Background & Motivation¶
Background: Modern TSF almost exclusively adopts the "observation space regression" paradigm: given a historical window \(\mathbf{X} \in \mathbb{R}^{C \times L}\), RNN/CNN/MLP/Transformer models learn a mapping \(\mathcal{F}_\theta: \mathbb{R}^{C \times L} \to \mathbb{R}^{C \times T}\) to directly predict future observations \(\mathbf{Y}\), minimizing MSE/MAE.

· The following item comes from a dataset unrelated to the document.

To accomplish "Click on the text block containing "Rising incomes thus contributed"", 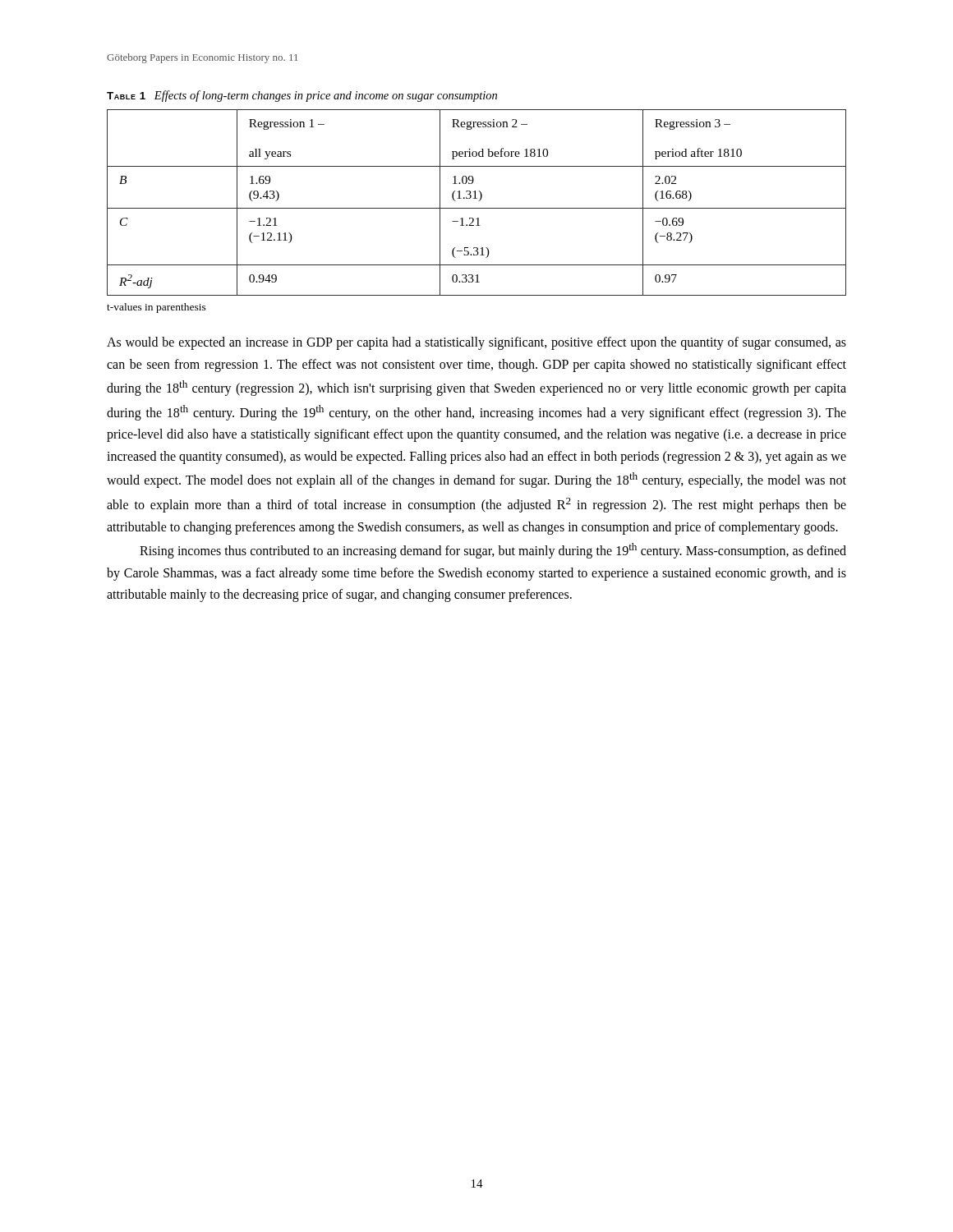I will 476,571.

Limitations of Prior Work: Through multi-perspective representation diagnostics on strong backbones like iTransformer, the authors uncover a paradox: a model may achieve low MAE in observation space, yet its internal latent representations are "temporally disordered"—adjacent time-step embeddings do not cluster, t-SNE plots lose continuity, and spectral structure is destroyed. On Electricity, the average Euclidean distance between adjacent latent states jumps from 12.94 to 94.03, and dominant periodic signals nearly vanish.

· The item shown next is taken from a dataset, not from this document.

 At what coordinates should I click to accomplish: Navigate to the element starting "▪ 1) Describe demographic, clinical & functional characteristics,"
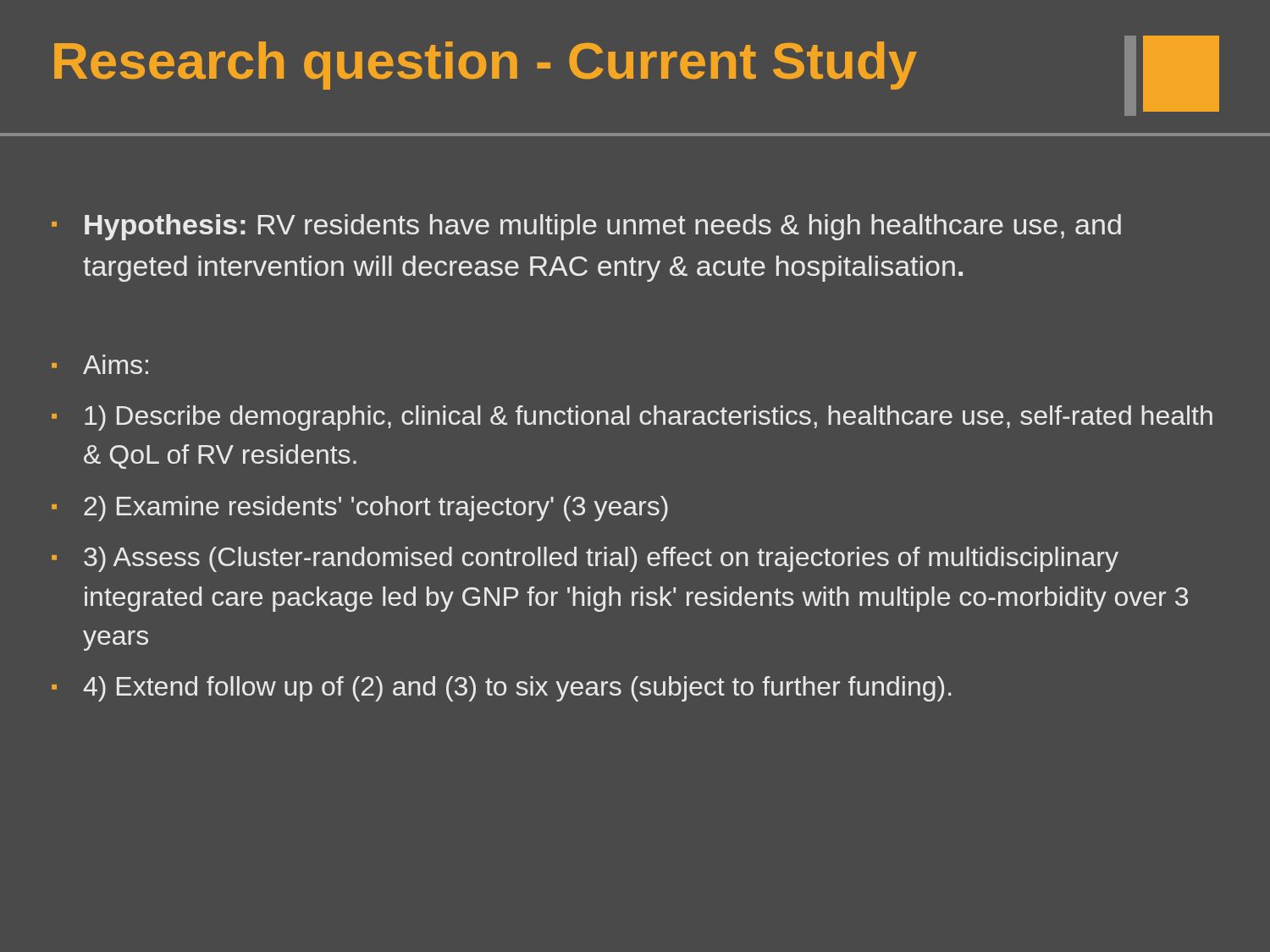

Key Challenge: The authors attribute this to two fundamental issues. (i) Systems Theory: The true observation \(\mathbf{X}\) is a "noisy, partial projection" of an underlying high-dimensional dynamical system; key latent variables are unobservable in the observation space, and minimizing observation MSE encourages shortcut learning—focusing on mean regression, periodicity, and autocorrelation rather than true generative dynamics. (ii) Optimization: Pointwise MAE/MSE loss imposes no inductive bias for "temporal continuity," so models have no incentive to learn temporally coherent latent spaces.

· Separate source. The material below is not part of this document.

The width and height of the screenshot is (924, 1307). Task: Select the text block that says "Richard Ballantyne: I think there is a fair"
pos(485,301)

Goal: To construct a new training paradigm that explicitly learns temporal dynamics in a "structured latent state space," rather than optimizing only for observation space accuracy; the paradigm should (a) be compatible with any existing backbone, and (b) be more robust than standard approaches on noisy, partially observed real-world data.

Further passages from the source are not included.